(PROVIDED RECORDS begins)

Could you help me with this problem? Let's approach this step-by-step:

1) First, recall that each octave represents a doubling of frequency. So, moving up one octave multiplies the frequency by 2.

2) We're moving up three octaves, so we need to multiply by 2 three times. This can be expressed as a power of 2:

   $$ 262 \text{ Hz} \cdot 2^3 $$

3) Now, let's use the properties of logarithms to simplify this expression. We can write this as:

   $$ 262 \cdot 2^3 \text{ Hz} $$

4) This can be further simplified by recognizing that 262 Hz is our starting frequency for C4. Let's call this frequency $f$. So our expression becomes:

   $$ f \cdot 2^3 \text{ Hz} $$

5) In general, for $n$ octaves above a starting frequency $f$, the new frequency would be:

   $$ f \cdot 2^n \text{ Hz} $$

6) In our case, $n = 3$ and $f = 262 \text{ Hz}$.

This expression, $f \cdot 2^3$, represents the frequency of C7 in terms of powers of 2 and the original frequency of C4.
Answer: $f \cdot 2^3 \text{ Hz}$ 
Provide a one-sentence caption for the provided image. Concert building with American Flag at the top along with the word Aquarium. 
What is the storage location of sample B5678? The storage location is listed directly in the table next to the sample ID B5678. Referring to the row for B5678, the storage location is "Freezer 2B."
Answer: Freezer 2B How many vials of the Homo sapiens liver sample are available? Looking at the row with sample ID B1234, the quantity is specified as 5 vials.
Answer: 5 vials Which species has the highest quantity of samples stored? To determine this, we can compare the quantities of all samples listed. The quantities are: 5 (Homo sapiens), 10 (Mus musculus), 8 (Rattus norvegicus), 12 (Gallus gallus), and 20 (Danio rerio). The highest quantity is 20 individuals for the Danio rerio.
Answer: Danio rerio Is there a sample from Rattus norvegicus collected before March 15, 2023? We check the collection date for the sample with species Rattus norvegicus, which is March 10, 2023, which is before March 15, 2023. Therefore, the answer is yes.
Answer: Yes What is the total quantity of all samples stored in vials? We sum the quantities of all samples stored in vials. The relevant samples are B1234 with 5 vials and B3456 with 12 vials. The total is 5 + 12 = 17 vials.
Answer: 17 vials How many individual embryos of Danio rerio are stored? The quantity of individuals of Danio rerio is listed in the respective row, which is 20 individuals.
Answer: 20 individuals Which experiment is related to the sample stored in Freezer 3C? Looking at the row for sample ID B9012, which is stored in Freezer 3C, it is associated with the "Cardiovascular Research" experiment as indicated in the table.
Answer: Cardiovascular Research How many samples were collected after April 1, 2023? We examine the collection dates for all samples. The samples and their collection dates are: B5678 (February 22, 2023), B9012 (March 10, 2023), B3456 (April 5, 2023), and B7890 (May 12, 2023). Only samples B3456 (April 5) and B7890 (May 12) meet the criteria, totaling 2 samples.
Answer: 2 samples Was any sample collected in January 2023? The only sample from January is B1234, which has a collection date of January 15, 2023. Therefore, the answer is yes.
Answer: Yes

(PROVIDED RECORDS ends)

**REQUIRED ACTION:** Return, word for word, the lines of the data above from the line with "Answer: Yes What" through the line with "Answer: Cardiovascular Research", inclusive.

**WRITTEN ANSWER:**
Answer: Yes What is the total quantity of all samples stored in vials? We sum the quantities of all samples stored in vials. The relevant samples are B1234 with 5 vials and B3456 with 12 vials. The total is 5 + 12 = 17 vials.
Answer: 17 vials How many individual embryos of Danio rerio are stored? The quantity of individuals of Danio rerio is listed in the respective row, which is 20 individuals.
Answer: 20 individuals Which experiment is related to the sample stored in Freezer 3C? Looking at the row for sample ID B9012, which is stored in Freezer 3C, it is associated with the "Cardiovascular Research" experiment as indicated in the table.
Answer: Cardiovascular Research How many samples were collected after April 1, 2023? We examine the collection dates for all samples. The samples and their collection dates are: B5678 (February 22, 2023), B9012 (March 10, 2023), B3456 (April 5, 2023), and B7890 (May 12, 2023). Only samples B3456 (April 5) and B7890 (May 12) meet the criteria, totaling 2 samples.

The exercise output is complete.